New developments in monoclonal antibody production
Create single chain variable region fragments made up of fragments of the antibody not the whole structure. Improve the penetration of the drug.
Examples of monoclonal antibodies used
Herceptin/Trastuzumab, Rituximab, Bevacizumab and Cetuximab.
Herceptin/Trastuzumab use and action
Target extracellular domain of HER2 in breast cancer reduce proliferation of cells over-expressing this receptor. HER2 has tyrosine kinase activity. Used in progesterone-receptor-tamoxifen-resistant cancers or none-alpha-oestrogen-receptor-expressing cancers
Herceptin/Trastuzumab administration, ADR
IV, can be given with other chemotherapy e.g. paclitaxel. ADR = heart failure.
Bevacizumab use and action
used in colorectal cancers. restrains the action of vascular endothelial growth factor A. Decrease angiogenesis.
Administration of Bevacizumab and ADR
Often with 5-Fluorouracil. IV. ADR = hypertension and interstitial bleeding.
Rituximab use and action
Used in Non-hodgkin lymphoma and leukaemia. Fab region of drug binds to CD20 (calcium channel forming) on B lymphocytes and lyses cell. Activates complement factor in immune system.
Administration and ADR of Rituximab
IV. can be given in combo with other chemotherapeutics e.g. cyclophosphamide. ADR: hypotension, fever, cardiac pathologies
Cetuximab use and action
Targets epithelial growth factor. Used in colorectal cancer treatment
Administration and ADRs of Cetuximab
IV in combo with irinotecan. ADR = fever, hypotension.
recombinant enzyme example
L-Asparaginase
Use of L-asparaginase
Childhood acute lymphocytic anaemia with prednisolone and vincristine. Used in tumours with low asparagine concs
Mode of action of l-asparaginase
Neoplastic cells have low asparagine synthetase levels so require host to make sufficient asparagine. The drug depletes the blood levels of asparagine so tumour can not get enough.
Two types of interferons
type 1 IFNs with alpha and beta and type 2 IFN with gamma.
Action of interferons
Promote apoptosis in cancer cells, stimulate immune recognition of cancer cells.

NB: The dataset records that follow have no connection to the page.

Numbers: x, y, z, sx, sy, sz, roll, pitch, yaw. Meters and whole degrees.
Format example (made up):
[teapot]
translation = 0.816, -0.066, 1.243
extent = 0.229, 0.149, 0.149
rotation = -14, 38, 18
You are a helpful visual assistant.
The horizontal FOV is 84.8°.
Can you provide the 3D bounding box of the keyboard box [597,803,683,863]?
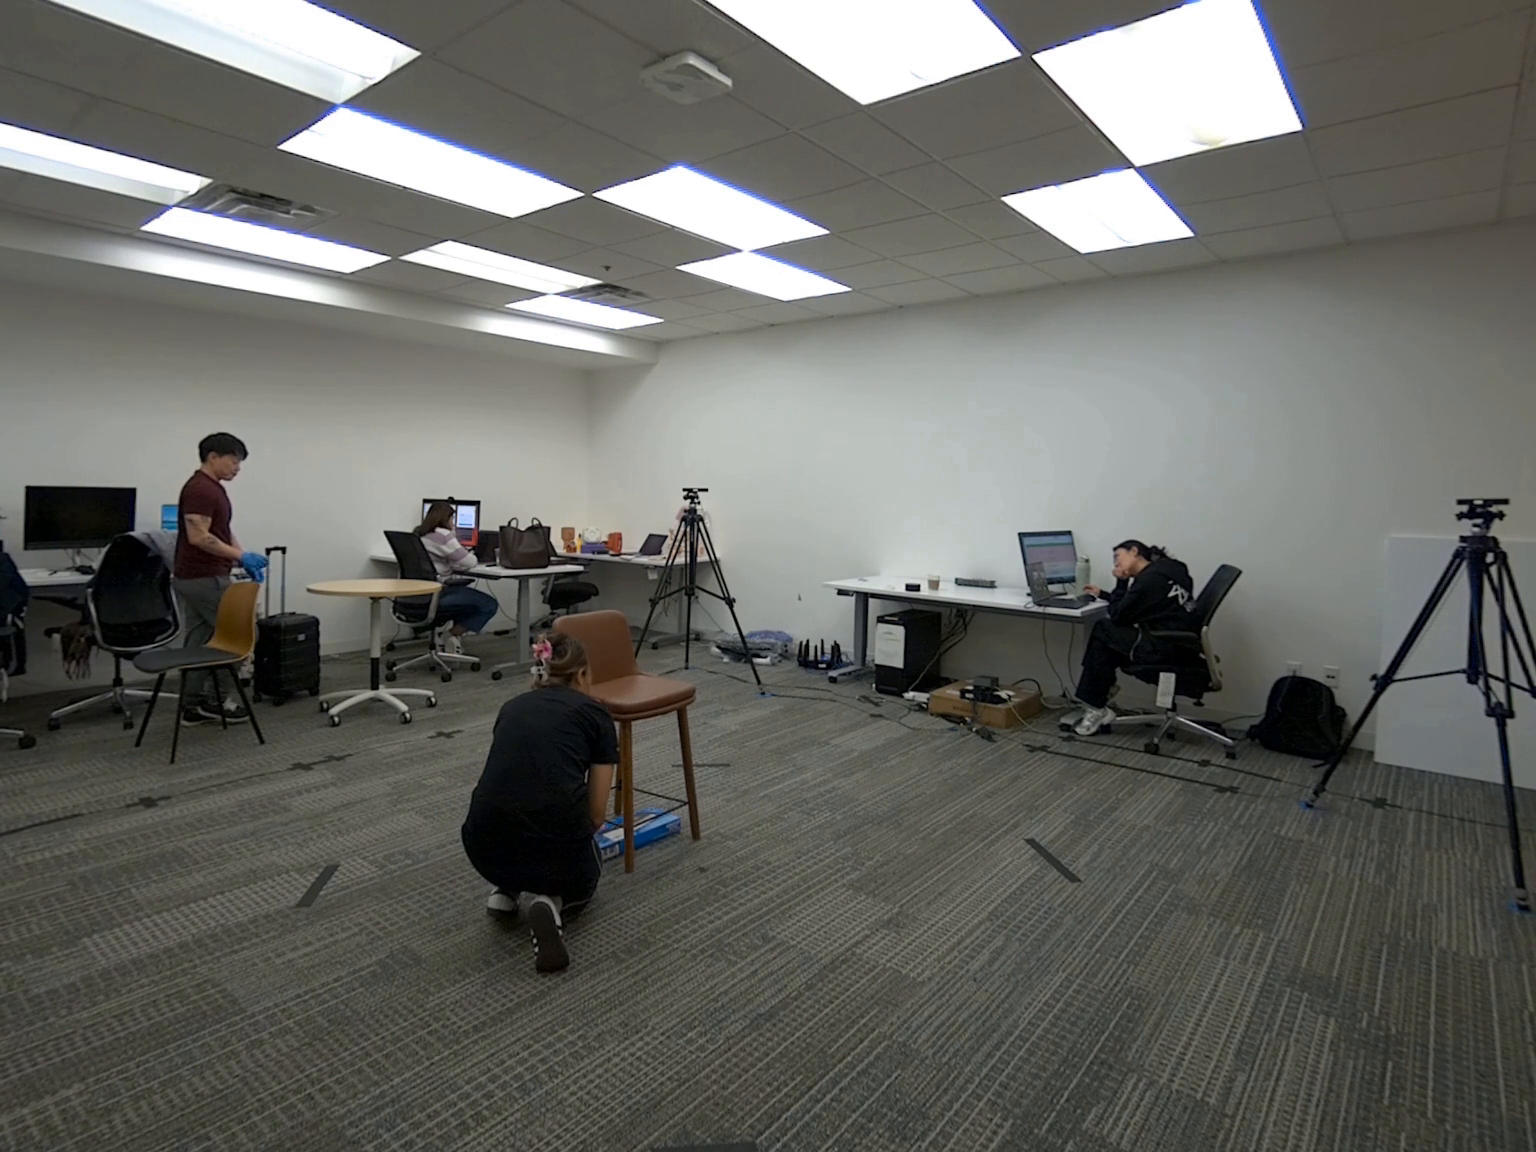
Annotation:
[keyboard box]
translation = -0.557, 1.010, 3.339
extent = 0.182, 0.059, 0.424
rotation = 6, 7, 40
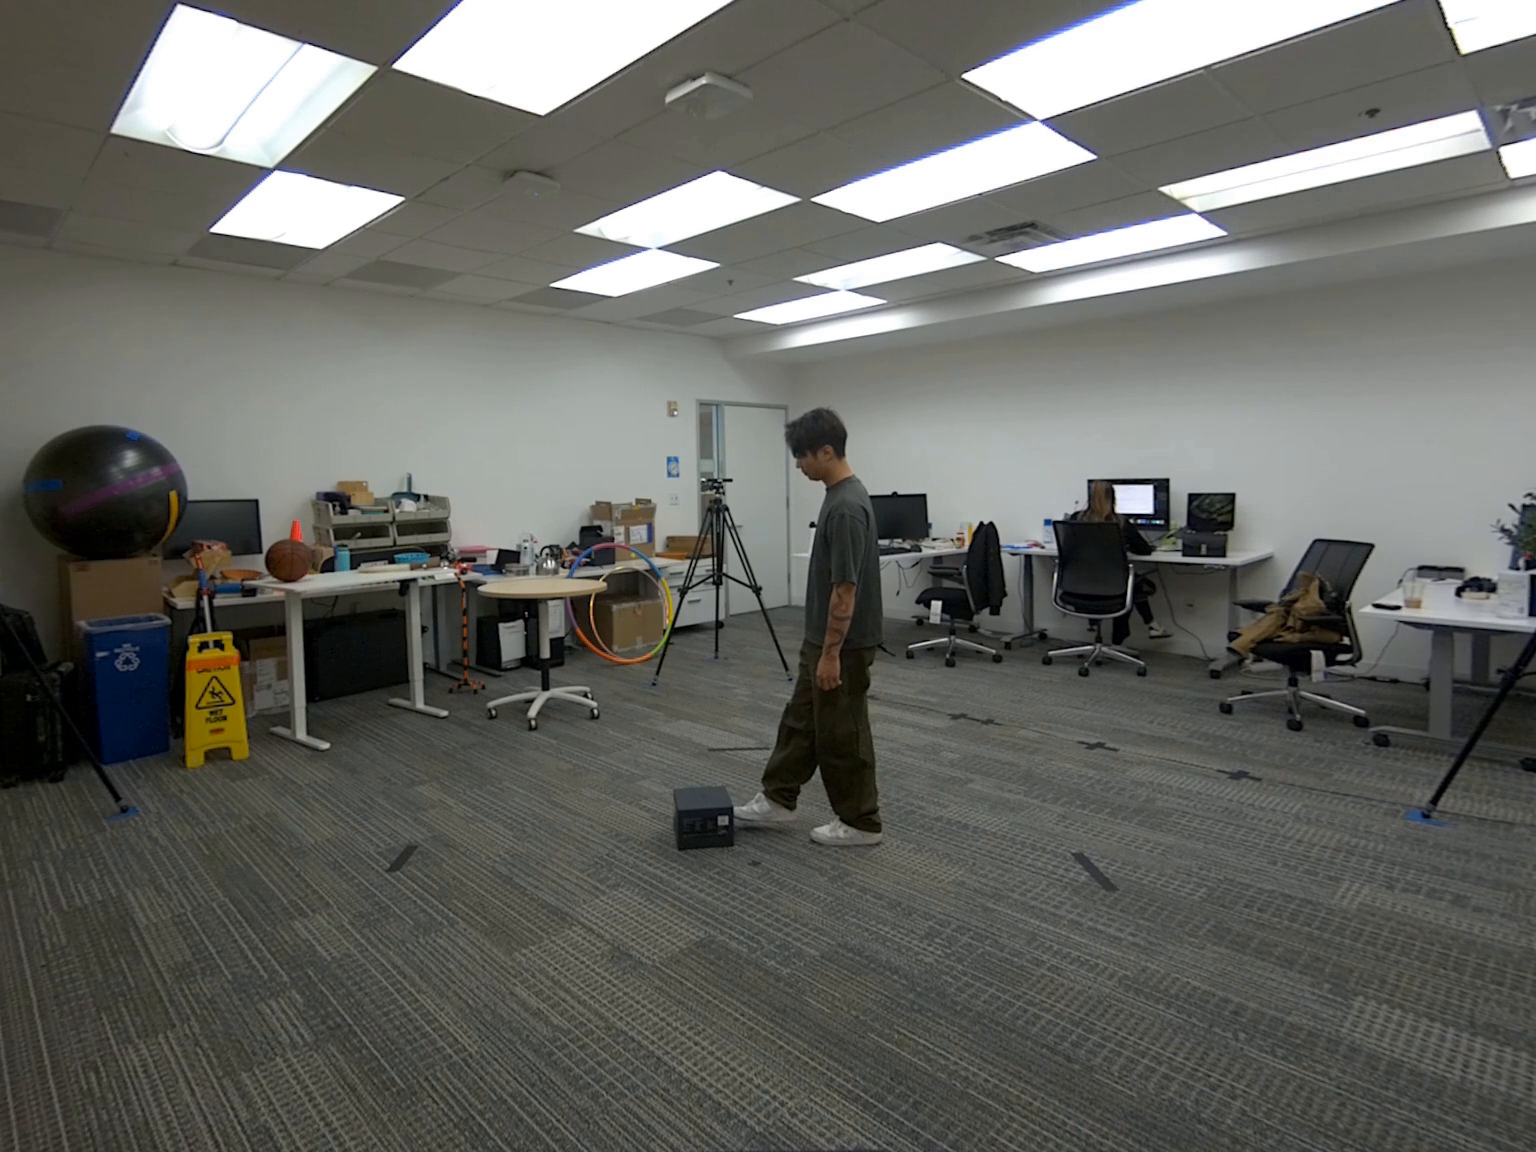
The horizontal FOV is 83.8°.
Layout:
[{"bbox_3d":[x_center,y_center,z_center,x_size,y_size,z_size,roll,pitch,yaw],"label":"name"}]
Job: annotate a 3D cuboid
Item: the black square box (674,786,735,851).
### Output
[{"bbox_3d":[-0.251,0.932,3.344,0.215,0.155,0.231,-2,5,-10],"label":"black square box"}]

Use of interferons in cancer treatment
IFN-α2a and IFN-α2b - Interferon ALPHA. Used in Melanoma, renal cell carcinoma, Kaposi sarcoma HIV associated.
Administration of interferon alpha
IM, sub cut or IV.
Interleukins in cancer treatment
Interleukin 2 used in renal cell carcinoma and melanoma. Potentially interleukin-12 too
Action of interleukin 2
T lymphocyte growth factor. May act synergistically with IFNα2a.
ADR of interleukin 2 use
Hypotension, liver damage. REVERSIBLE. MAX dose of 14 due to tolerance.
Action of interleukin 12
Stimulates B and T cells and natural killer cells.
What compound does interleukin 12 potentially interact with?
Granulocyte-monocyte colony stimulating factor. Which cam stimulate immune system response to cancer. Used after bone marrow or stem cell transplant.